Requiring two implementations is definitely something I don't want to
require. I would rather agree upon and accept experimental APIs that only
have one implementation than have a vendor do it on their own. It's usually
pretty easy to recognize when things are getting too vendor-specific even
if you don't have the implementation to test with.

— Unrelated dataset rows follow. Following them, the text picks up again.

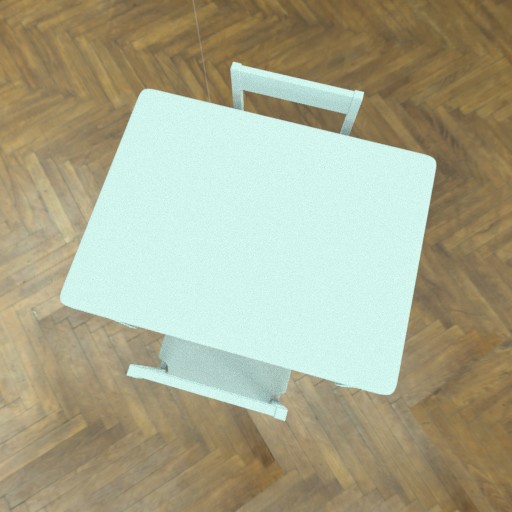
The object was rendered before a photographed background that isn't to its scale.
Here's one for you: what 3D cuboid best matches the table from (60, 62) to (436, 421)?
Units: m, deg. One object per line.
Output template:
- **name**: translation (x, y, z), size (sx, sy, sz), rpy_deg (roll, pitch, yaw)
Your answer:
- **table**: translation (0.000, 0.000, 1.088), size (0.650, 0.503, 0.672), rpy_deg (15, 75, 4)
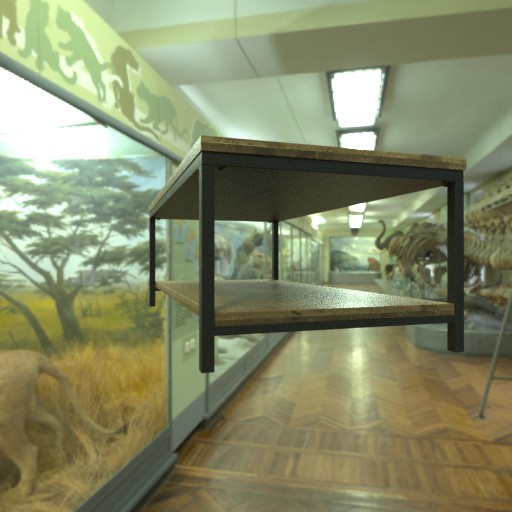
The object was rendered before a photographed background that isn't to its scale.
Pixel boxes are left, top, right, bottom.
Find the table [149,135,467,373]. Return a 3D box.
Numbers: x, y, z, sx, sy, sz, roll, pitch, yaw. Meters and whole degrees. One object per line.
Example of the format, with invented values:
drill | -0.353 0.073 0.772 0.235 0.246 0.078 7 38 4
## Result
table | 0.000 0.000 1.347 0.551 0.399 1.100 0 0 -18
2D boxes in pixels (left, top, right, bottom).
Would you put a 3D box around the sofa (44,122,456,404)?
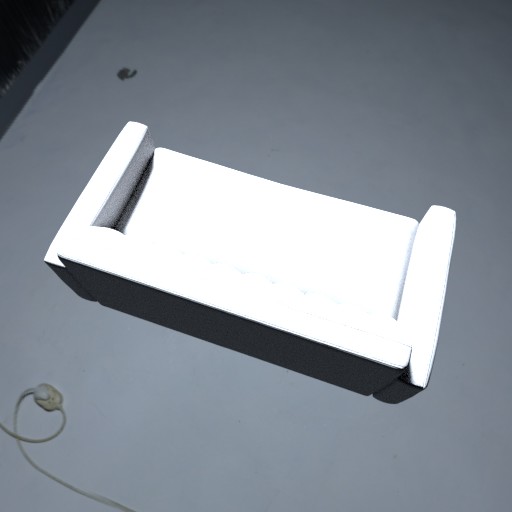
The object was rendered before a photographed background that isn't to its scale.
[{"bbox_3d":[0.000,0.000,2.425,1.895,0.814,0.969,17,65,8],"label":"sofa"}]
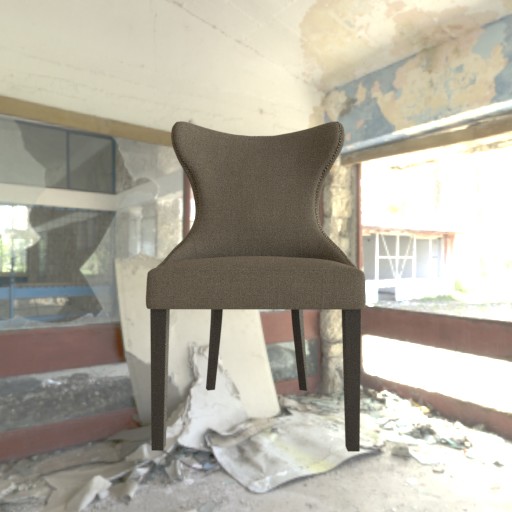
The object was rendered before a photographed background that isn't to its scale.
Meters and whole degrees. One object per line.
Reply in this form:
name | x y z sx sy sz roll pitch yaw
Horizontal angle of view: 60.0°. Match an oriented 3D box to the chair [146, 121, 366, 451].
chair | 0.000 0.000 1.401 0.628 0.967 0.635 0 -1 1
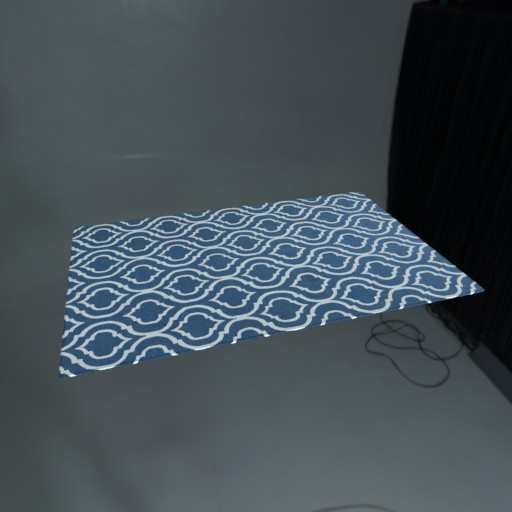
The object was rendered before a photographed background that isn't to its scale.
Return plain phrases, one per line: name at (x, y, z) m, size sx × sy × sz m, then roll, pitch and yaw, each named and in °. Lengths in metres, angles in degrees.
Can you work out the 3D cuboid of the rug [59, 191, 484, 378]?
rug at (0.000, 0.000, 2.192) m, size 1.753 × 0.010 × 1.143 m, roll -9°, pitch 33°, yaw -14°
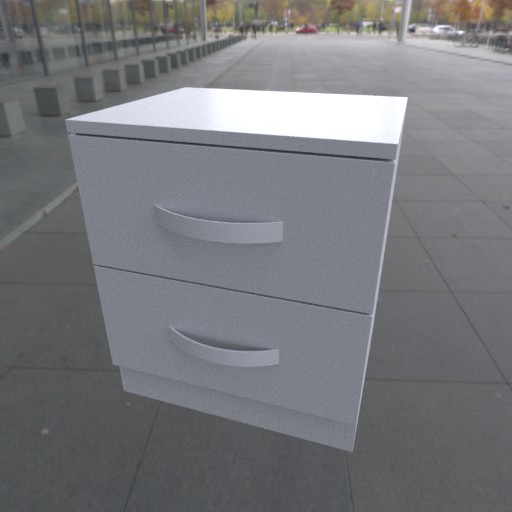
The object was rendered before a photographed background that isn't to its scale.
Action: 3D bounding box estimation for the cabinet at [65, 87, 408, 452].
[{"bbox_3d":[0.000,0.000,0.734,0.400,0.470,0.360,9,29,16],"label":"cabinet"}]
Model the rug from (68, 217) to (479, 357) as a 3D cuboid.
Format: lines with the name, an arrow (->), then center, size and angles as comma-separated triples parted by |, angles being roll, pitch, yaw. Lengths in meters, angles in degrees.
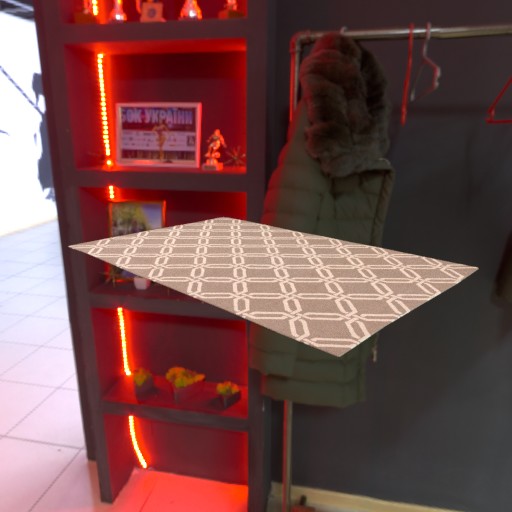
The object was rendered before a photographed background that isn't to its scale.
rug -> 0.000, 0.000, 2.209 | 1.748, 0.010, 1.142 | 15, 22, 42
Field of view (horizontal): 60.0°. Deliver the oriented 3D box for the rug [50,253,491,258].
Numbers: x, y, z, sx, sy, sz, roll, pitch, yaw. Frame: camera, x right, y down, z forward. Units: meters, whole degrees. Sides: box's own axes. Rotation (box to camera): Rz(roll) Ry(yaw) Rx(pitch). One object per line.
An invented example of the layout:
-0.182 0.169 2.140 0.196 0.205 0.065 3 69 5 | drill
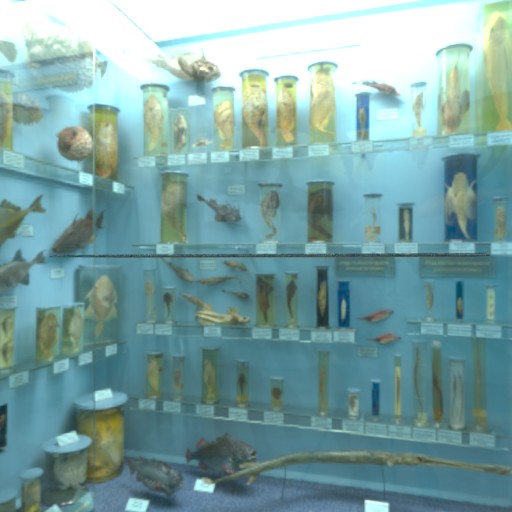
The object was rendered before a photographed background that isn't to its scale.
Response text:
0.000 0.000 2.537 2.292 0.014 0.685 0 -1 18 | rug
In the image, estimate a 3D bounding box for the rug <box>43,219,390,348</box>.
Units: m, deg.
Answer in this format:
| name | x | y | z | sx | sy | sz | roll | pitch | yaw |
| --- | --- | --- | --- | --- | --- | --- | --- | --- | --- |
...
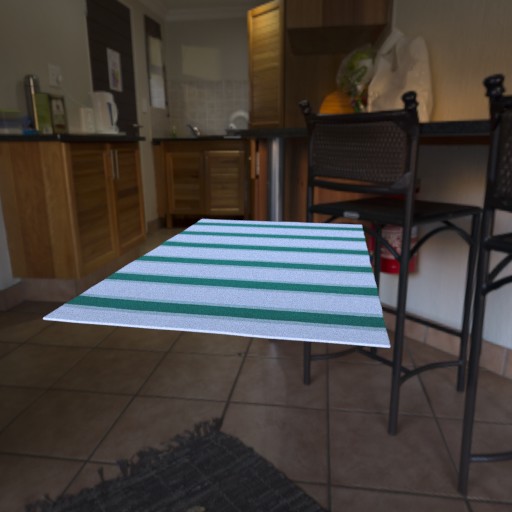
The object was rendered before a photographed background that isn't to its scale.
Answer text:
| name | x | y | z | sx | sy | sz | roll | pitch | yaw |
| --- | --- | --- | --- | --- | --- | --- | --- | --- | --- |
| rug | 0.000 | 0.000 | 3.021 | 1.521 | 0.015 | 2.436 | 3 | 16 | 10 |
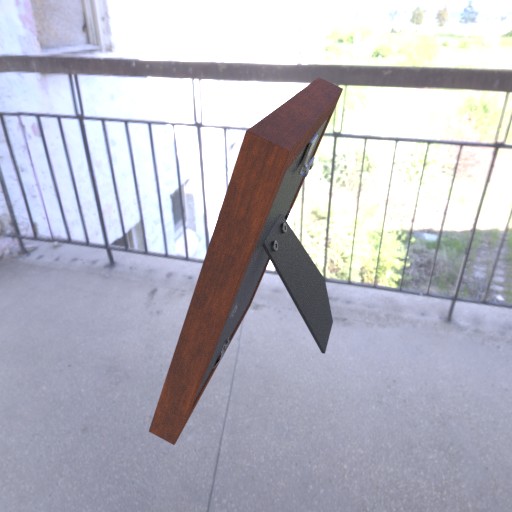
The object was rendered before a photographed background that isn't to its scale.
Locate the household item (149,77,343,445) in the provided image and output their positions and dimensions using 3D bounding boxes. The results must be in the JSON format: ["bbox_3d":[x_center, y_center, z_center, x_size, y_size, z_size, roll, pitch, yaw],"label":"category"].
[{"bbox_3d":[0.000,0.000,0.294,0.096,0.204,0.160,9,30,15],"label":"household item"}]
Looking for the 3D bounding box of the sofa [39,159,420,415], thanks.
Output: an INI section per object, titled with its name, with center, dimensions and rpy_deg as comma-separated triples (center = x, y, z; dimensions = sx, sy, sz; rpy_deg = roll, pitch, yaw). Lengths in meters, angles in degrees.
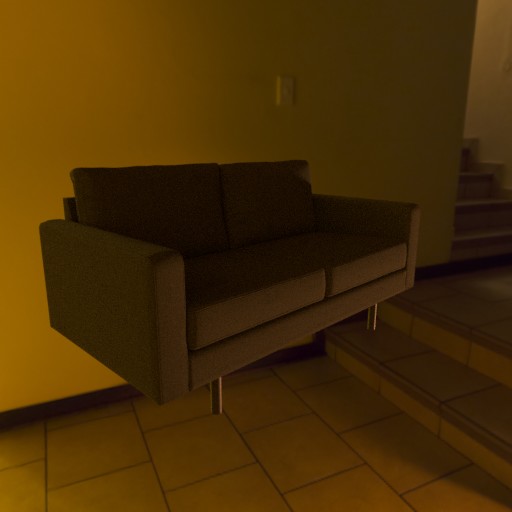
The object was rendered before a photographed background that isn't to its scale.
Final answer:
[sofa]
center = 0.000, 0.000, 2.206
dimensions = 0.889, 0.897, 1.730
rpy_deg = 14, 19, 43
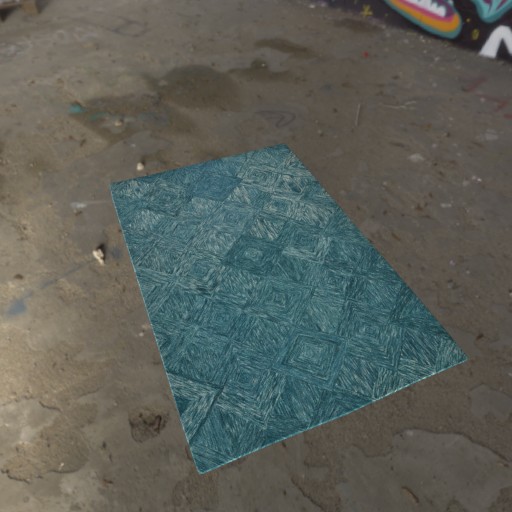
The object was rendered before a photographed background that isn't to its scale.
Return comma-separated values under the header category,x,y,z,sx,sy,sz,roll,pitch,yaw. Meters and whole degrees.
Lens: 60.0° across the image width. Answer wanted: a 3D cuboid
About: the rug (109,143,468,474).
category,x,y,z,sx,sy,sz,roll,pitch,yaw
rug,0.000,0.000,2.167,1.136,0.017,1.728,-17,48,-16
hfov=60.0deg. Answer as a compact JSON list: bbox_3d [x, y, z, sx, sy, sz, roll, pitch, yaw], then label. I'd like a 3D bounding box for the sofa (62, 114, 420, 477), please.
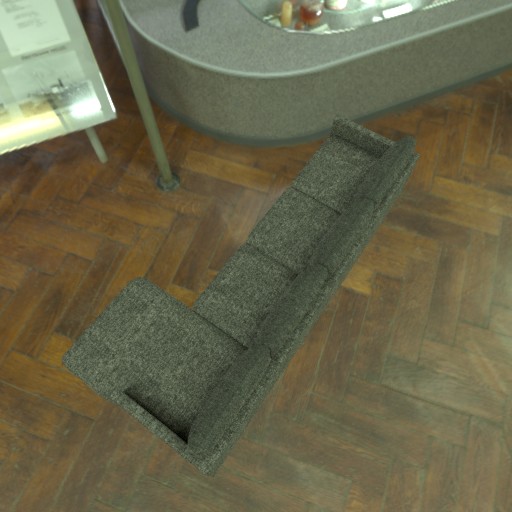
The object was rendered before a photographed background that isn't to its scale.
[{"bbox_3d":[0.000,0.000,3.999,1.488,0.970,3.384,32,67,15],"label":"sofa"}]
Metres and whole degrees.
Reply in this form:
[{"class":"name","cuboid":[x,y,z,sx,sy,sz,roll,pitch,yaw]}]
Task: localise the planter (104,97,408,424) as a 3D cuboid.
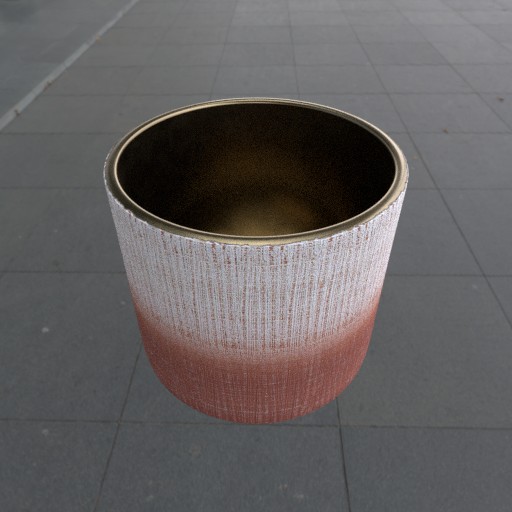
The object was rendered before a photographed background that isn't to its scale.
[{"class":"planter","cuboid":[0.000,0.000,0.389,0.221,0.201,0.221,0,40,0]}]
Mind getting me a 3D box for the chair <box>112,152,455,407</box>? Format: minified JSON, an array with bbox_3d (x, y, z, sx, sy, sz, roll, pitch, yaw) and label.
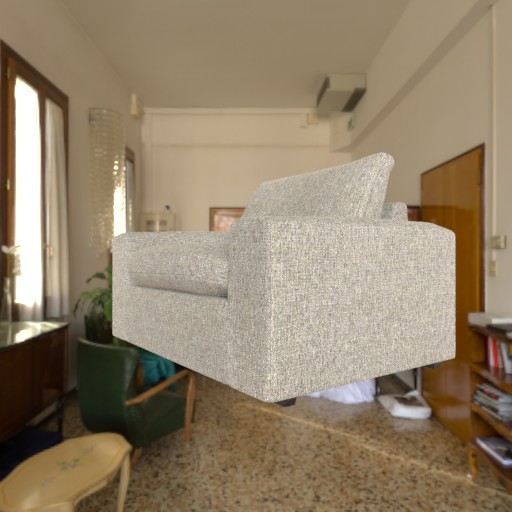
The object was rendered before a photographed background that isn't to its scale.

On Wed, Jan 25, 2017 at 7:22 PM, Ian Wells  wrote:

> On 25 January 2017 at 18:07, Kevin Benton  wrote:
>
>> >Setting aside all the above talk about how we might do things for a
>> moment: to take one specific feature example, it actually took several
>> /years/ to add VLAN-aware ports to OpenStack.  This is an example of a
>> feature that doesn't affect or interest the vast majority of the user
>> community
>>
>> Now that it has been standardized on, other services can actually use it
>> to build things (e.g. Kuryr, Octavia). If each vendor just went and wrote
>> up their own extension for this, no project could reliably build anything
>> on top of it that would work with multiple backend vendors.
>>
>
> In the weirdest way, I think we're agreeing.  The point is that the API
> definition is what matters and the API definition is what we have to
> agree.  That means that we should make it easy to develop the API
> definition so that we can standardise it promptly, and it also means that
> we would like to have the opportunity to agree that extensions are
> 'standard' (versus today - write an extension attribute that works for you,
> call the job done).  It certainly doesn't remove that standardisation step,
> which is why I say that governance, here is key - choosing wisely the
> things we agree are standards.
>
> To draw an IETF parallel for a moment, it's easy to write and implement a
> networking protocol - you need no help or permission - and easy to submit a
> draft that describes that protocol.  It's considerably harder to turn that
> draft into an accepted standard.
>
> >and perhaps we need a governance model around ensuring that they are sane
>> and resuable.
>> >Gluon, specifically, is about solving exclusively the technical question
>> of how to introduce independent APIs
>>
>> Doesn't that make Gluon support the opposite of having a governance model
>> and standardization for APIs?
>>
>
> No.  If you want an in-house API then off you go, write your own.  If you
> want to experiment in code, off you go, experimentation is good.  This is
> why it should be easy to do.  The easier it is, the more Neutron work
> you'll have time for, in fact.
>
> But I can't unilaterally make something standard by saying it is, and
> that's where the community can and should get involved.  You have a team of
> core devs that can examine those proposed APIs - which are in a simple DSL
> - and decide if they should be added to a repository, which you can look at
> as an approval step when you decide they're worthy.
>
> Making it hard to write an API is putting a barrier to entry and
> experimentation in the way.  Making it hard to standardise that API - by,
> for instance, putting technical requirements on it that it be supportable
> and maintainable, generally usable and of no impact to people who don't use
> it - that's far more useful.
>
> We can't s

Re: [openstack-dev] [neutron] API models [was: PTL candidacy]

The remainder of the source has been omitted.